Google エンタープライズ部門 クラウドプラットフォーム グローバルビジネス統括責任者 シャイリッシュ・ラオ氏
ラオ氏は、アクティブなアプリケーションは475万、AppEngineで処理するリクエスト件数はWikipediaの10倍の規模となる280億件/日、そしてCloud Datastoreのオペレーション件数は6.3兆/月に上るとアピール。4月からは台湾とシンガポールに新しいデータセンターをオープンし、一部でCompute EngineとCloud SQL、Cloud Storageのサービスを開始。アジア太平洋地域(APAC)でのサービス展開も本格化しつつあると説明した。

APACのCloudPlatformの展開
ここ1年のアップデートやCloud DataFlowを紹介
機能面でも、昨年から大きな成長を遂げている。Google Cloud Platformに統合されたAppEngineでは、昨年5月からPHPをサポート。7月にmemcache、8月にレイヤー3のロードバランシングなどの機能を追加し、次々GAまでこぎ着けている。ストレージ分野では、オフラインディスクのインポート機能や格納中データの暗号化、BigQueryのストリーミングなどに対応したという。

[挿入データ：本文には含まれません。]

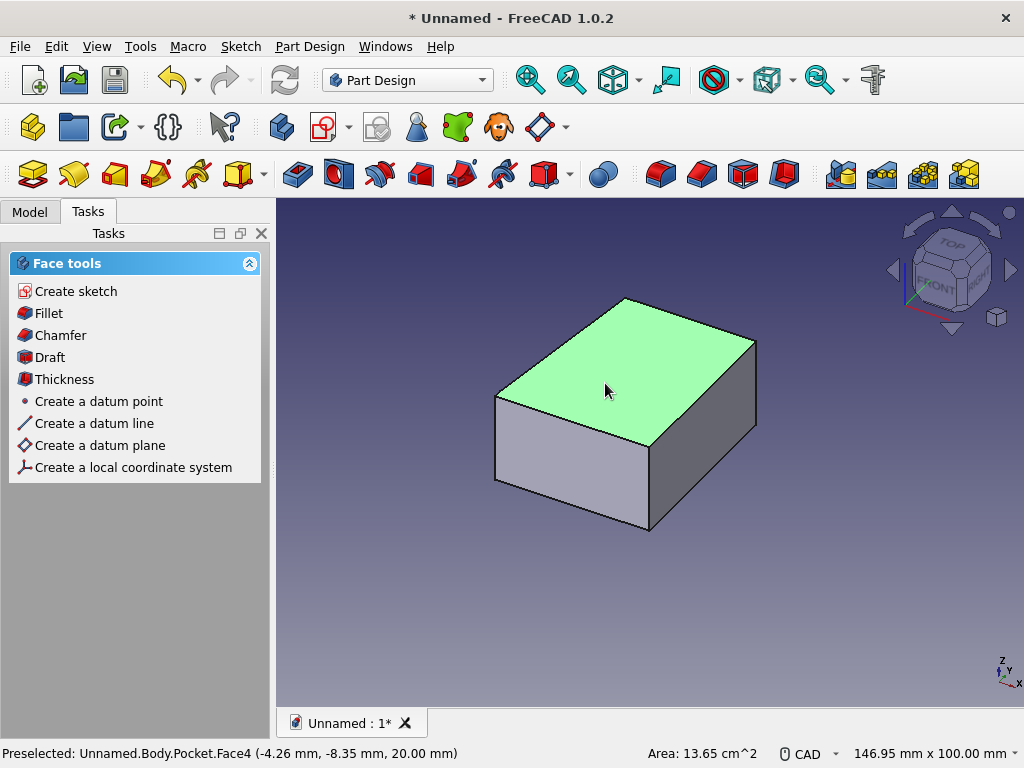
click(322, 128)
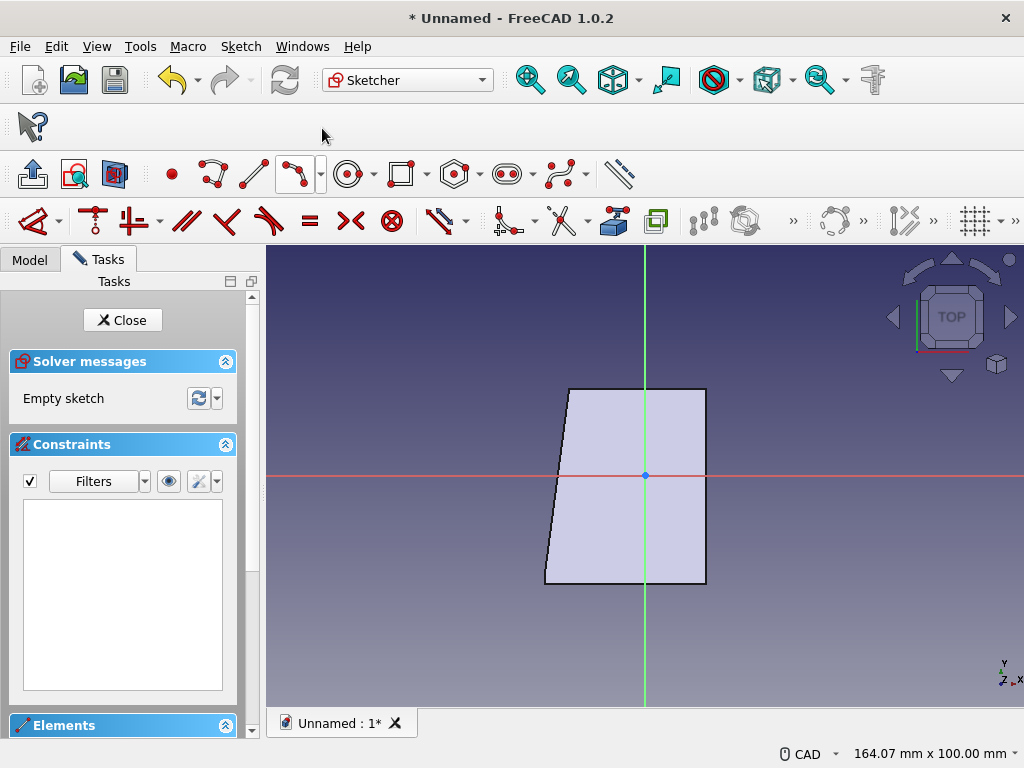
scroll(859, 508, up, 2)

「重要なのは、弊社の検索やGmail、YouTubeなどとまったく同じものがお客様に提供されているということ。われわれのビジネスを支えるべく、性能やスケーラビリティ、信頼性などに注力しているプラットフォームをそのまま利用できる」(ラオ氏)。
こうしたGoogle Cloud Platformは開発者の生産性を向上させることにフォーカスしているという。「みなさんの得意の分野に注力してもらい、それ以外のことはわれわれに任せてほしい」とアピールしたラオ氏は、MapReduceの後継技術である「Cloud DataFlow」の概要を紹介。「最適化、デプロイ、スケジューリング、モニタリングまでを全体のワークフローを把握し、簡単にマッピング・管理できる。開発者は得意分野にフォーカスしたコードをいったん書けば、いろいろなところで展開できる」と説明した。

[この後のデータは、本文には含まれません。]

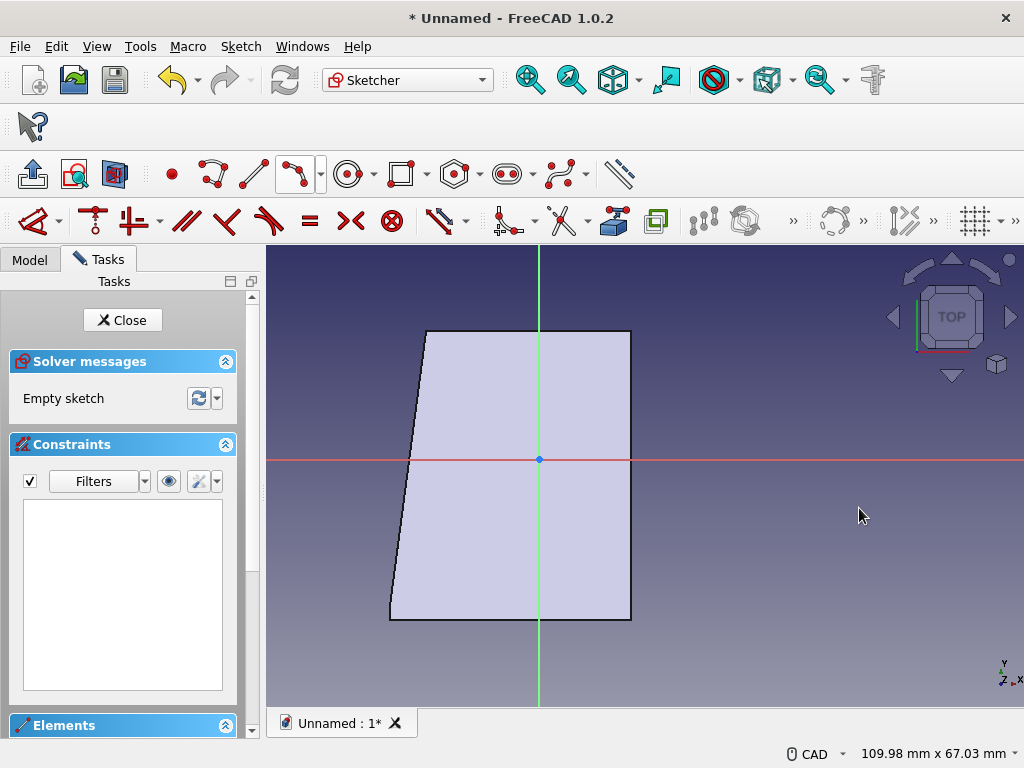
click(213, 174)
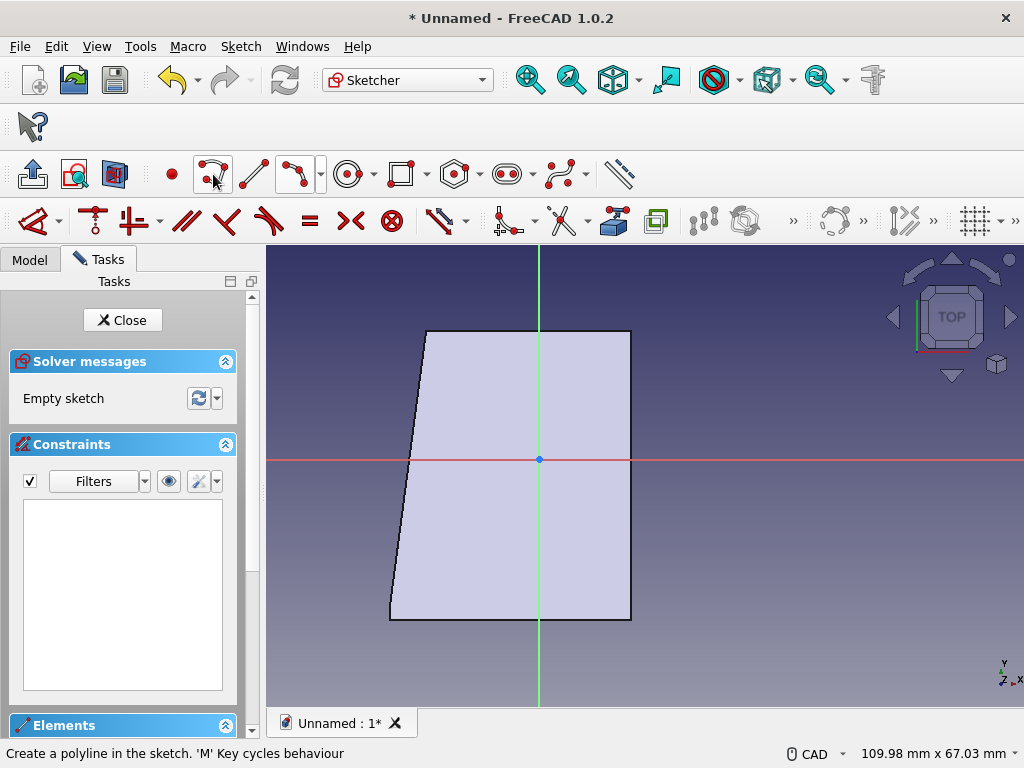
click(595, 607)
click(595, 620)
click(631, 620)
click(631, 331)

スケーラブルなアプリケーションを容易にする「Cloud DataFlow」
クラウドの価格もムーアの法則に従うべき
Google Cloud Platformは実績と機能面のみでなく、価格面でも高いアドバンテージを誇るという。ラオ氏は、「パブリッククラウドの価格は、ハードウェアの価格ほど下落していない。ムーアの法則による価格の下落は、われわれも従うべき」と指摘。これに対してGoogleでは、今年3月にCompute EngineやAppEngine、Cloud Storage、BigQueryなどの価格を抜本的に改訂。また、継続利用により、30%オフという大きなディスカウントも導入した。
さらにエンタープライズでの利用に向けては、重要なサポートに関しても、24×7のサポートを提供するほか、ISO 27001やSOC1/2/3、HIPAAなどの認証、99.95%のSLAなどの取り組みを行なっていると説明した。

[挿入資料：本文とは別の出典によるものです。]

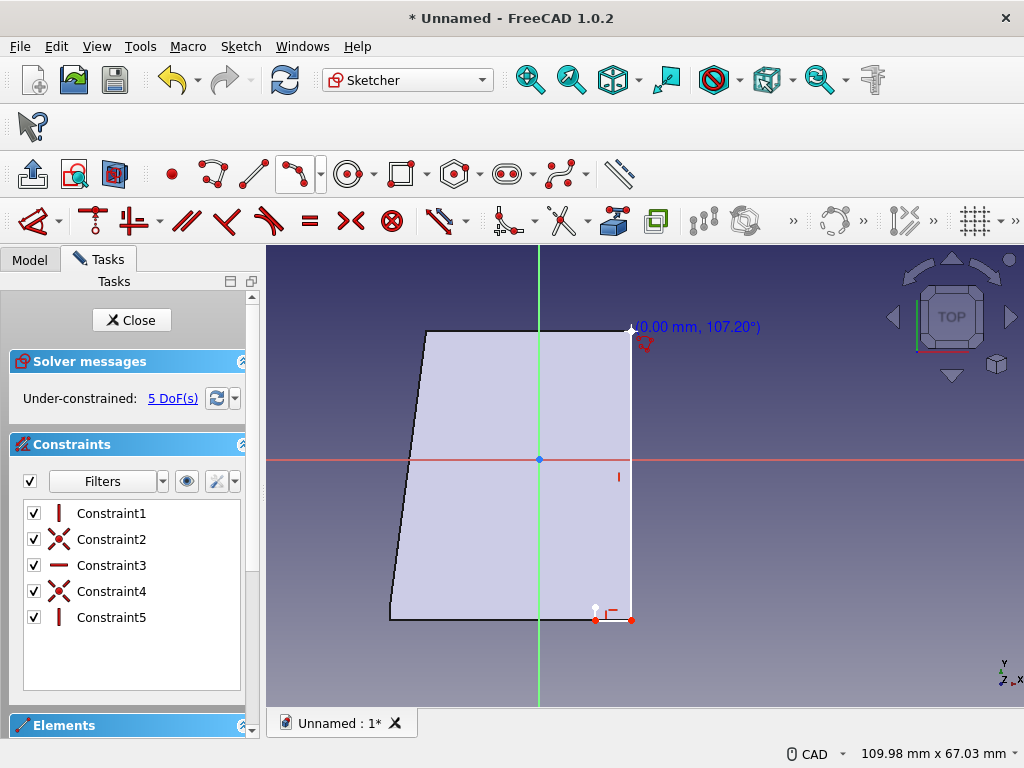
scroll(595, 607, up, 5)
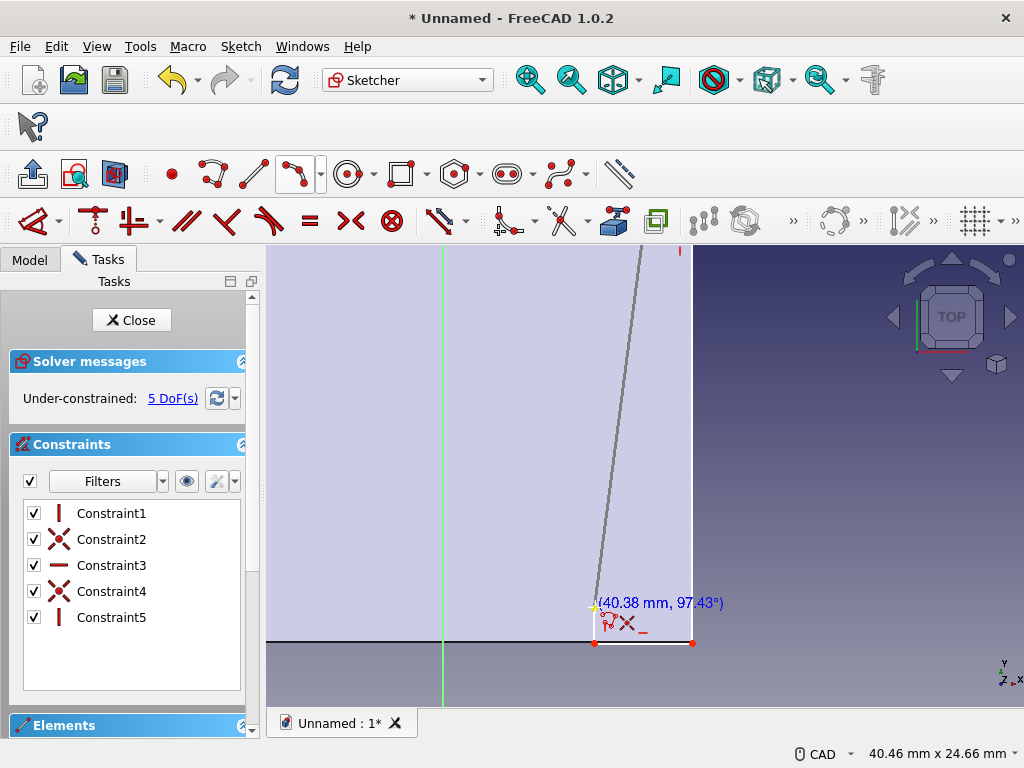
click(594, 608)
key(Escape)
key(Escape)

ラオ氏は、今後の新機能についても言及した。デプロイメントマネージャーやレプリカプールのほか、Cloud DNSや前述したCloud DataFlow、GitやJenkinsのコードリリース基盤も導入される。また、WindowsやSuSE、Red Hat Enterprise Linuxなど有償OSのサポート、レイヤ7でのきめ細かなロードバランシングなども提供される予定となっている。

今度搭載される予定の新機能
ラオ氏は、「シリコンバレーでは『自分で作ったドッグフードは自分で食べろ』という格言がある。Googleはまさに15年使って、試してきたプラットフォームをお客様に提供している。われわれは今後も新しい革新や機能を提供する」と述べ、自身の講演を締めた。
なお、日本ではWebサイトの立ち上げやドキュメントの日本語化、パートナープログラムの拡大、イベントなどの施策を進めており、今後もこれらの展開を加速させていくという。